The Book of Lost Things Review

The power of stories is something that every reader recognizes. There’s just something about the tales we gather and gobble up that speaks to us, that even has a hold over us. What we read is a reflection of the deepest parts of our minds, our wishes, our desires, our fears. They can also affect our outlook so completely that it’s hard to imagine life without them. In that way our lives are being consumed by the stories that we read.

Cover of The Book of Lost Things. Available in the Library.

But that is not something to be necessarily frightened of. They can also pull us out of our troubles and give us a perspective on our lives that we were previously unable to see. They can help us understand the complicated, messy world we live in. Stories are more than just words on paper; they guide us with a forceful hand towards things we can’t or won’t face.

“The Book of Lost Things” is one of those rare stories that not only has power but also addresses that power. The book is about 12-year-old David, reeling from the loss of his mother and the rapid progress in which his father moves on. Like many readers, he take refuge in stories, mainly those of classic fairy tales, but they soon begin to consume his life. As he retreats farther and farther into those stories, reality and fiction merge and David is soon stuck in a strange, dark world where all the stories he knows and loves are suddenly warped and much more dangerous. His only hope is to reach the weakened king of the land, but trouble in the shape of a Crooked Man is close on his heels.

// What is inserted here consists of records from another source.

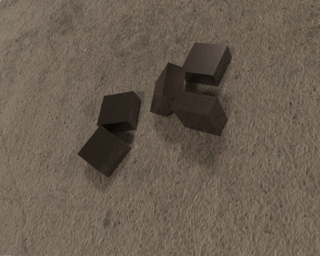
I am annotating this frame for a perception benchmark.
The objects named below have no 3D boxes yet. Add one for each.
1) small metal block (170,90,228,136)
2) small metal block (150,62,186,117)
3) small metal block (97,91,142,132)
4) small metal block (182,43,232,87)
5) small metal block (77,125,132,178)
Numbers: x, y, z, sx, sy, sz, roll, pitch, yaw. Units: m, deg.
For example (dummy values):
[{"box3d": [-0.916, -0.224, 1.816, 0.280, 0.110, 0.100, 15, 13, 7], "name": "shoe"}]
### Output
[{"box3d": [0.048, -0.018, 0.373, 0.050, 0.050, 0.025, 15, 70, 34], "name": "small metal block"}, {"box3d": [0.010, -0.050, 0.410, 0.025, 0.050, 0.050, 17, 62, -14], "name": "small metal block"}, {"box3d": [-0.058, -0.022, 0.447, 0.050, 0.025, 0.050, -6, 59, 24], "name": "small metal block"}, {"box3d": [0.063, -0.087, 0.424, 0.050, 0.025, 0.050, 15, 69, 33], "name": "small metal block"}, {"box3d": [-0.076, 0.032, 0.423, 0.050, 0.025, 0.050, 29, 77, 37], "name": "small metal block"}]
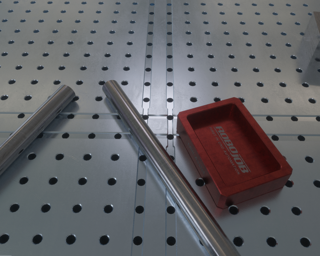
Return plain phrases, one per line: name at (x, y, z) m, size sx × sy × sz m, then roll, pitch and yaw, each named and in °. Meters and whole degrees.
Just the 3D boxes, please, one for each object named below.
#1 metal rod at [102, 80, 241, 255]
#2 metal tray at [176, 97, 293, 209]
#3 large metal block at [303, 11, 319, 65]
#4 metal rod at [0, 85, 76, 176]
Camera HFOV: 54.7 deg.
metal rod at (0.001, 0.039, 0.374) m, size 0.025 × 0.025 × 0.300 m, roll -24°, pitch 54°, yaw -19°
metal tray at (0.086, 0.024, 0.384) m, size 0.091 × 0.030 × 0.130 m, roll -16°, pitch 52°, yaw -13°
large metal block at (0.294, -0.148, 0.518) m, size 0.080 × 0.050 × 0.080 m, roll 7°, pitch 50°, yaw 6°
metal rod at (-0.200, 0.050, 0.363) m, size 0.025 × 0.025 × 0.301 m, roll 21°, pitch 53°, yaw 16°
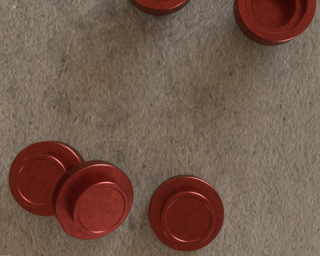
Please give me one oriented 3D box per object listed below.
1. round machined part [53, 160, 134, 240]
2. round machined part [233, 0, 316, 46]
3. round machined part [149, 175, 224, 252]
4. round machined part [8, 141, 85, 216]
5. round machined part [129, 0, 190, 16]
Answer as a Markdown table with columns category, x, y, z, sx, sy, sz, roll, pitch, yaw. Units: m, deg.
| category | x | y | z | sx | sy | sz | roll | pitch | yaw |
| --- | --- | --- | --- | --- | --- | --- | --- | --- | --- |
| round machined part | -0.077 | 0.092 | 0.379 | 0.099 | 0.042 | 0.097 | -7 | 104 | -28 |
| round machined part | 0.144 | -0.155 | 0.403 | 0.099 | 0.042 | 0.097 | 0 | 90 | -1 |
| round machined part | 0.034 | 0.112 | 0.402 | 0.099 | 0.042 | 0.097 | 0 | 90 | -1 |
| round machined part | -0.147 | 0.066 | 0.400 | 0.099 | 0.042 | 0.097 | 0 | 90 | -1 |
| round machined part | -0.001 | -0.194 | 0.401 | 0.099 | 0.042 | 0.097 | 0 | 90 | -1 |
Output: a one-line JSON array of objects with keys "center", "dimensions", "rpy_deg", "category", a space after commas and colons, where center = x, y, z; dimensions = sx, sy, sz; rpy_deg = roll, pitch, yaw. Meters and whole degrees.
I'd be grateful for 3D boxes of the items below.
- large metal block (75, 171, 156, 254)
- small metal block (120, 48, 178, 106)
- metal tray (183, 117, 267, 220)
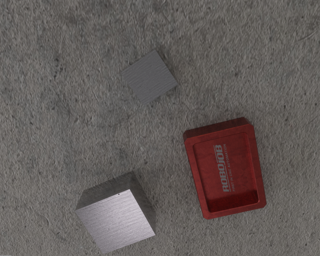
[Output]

The story is enchanting and captivating, taking many of those well-known Disney classics and turning them on their head by putting the grim back in Grimm’s Fairy Tales. And by exploring the world of those tales, Connolly is diving into the essence of stories themselves. After all, there is a reason why these tales have lasted the test of time. The common themes contained within them are still relevant and relatable, and they’re found in almost every story, old or new. These particular tales have lasted only because they’ve come to embody the necessary clichés of humanity that everyone needs to understand to live. And that is why this they are such a good fit for this novel. It’s a book about growing up and starting to find the cold, hard truths about the world. What better way to do that then through stories?

That being said, I find it extremely ironic that this is not meant to be for children or even teens. Connolly has said time and time again, that this book is really meant for adults. However, I believe he has created something that even he doesn’t completely understand. This novel is one of those stories that a person can read throughout their lives and each time read it anew. Age changes your perspective, and that is something that will make a difference in the way you read this book. So in that way, this novel really is meant to be read at all ages because, despite stories’ power, the outside world has an effect on them. After all, the real world is where the stories came from.

In fact, humans are endowed with an innate sense to create, share, and understand stories. And that’s what makes this book such a gem. It celebrates the power of stories and the humanity behind them, by using some of the oldest tales in Western civilization and connecting them to the plight of a lost, scared boy. But in truth this is really not a story about David. It’s a story about any reader who has lost someone, who ever felt alone and abandoned, who ever felt like stories were consuming their life.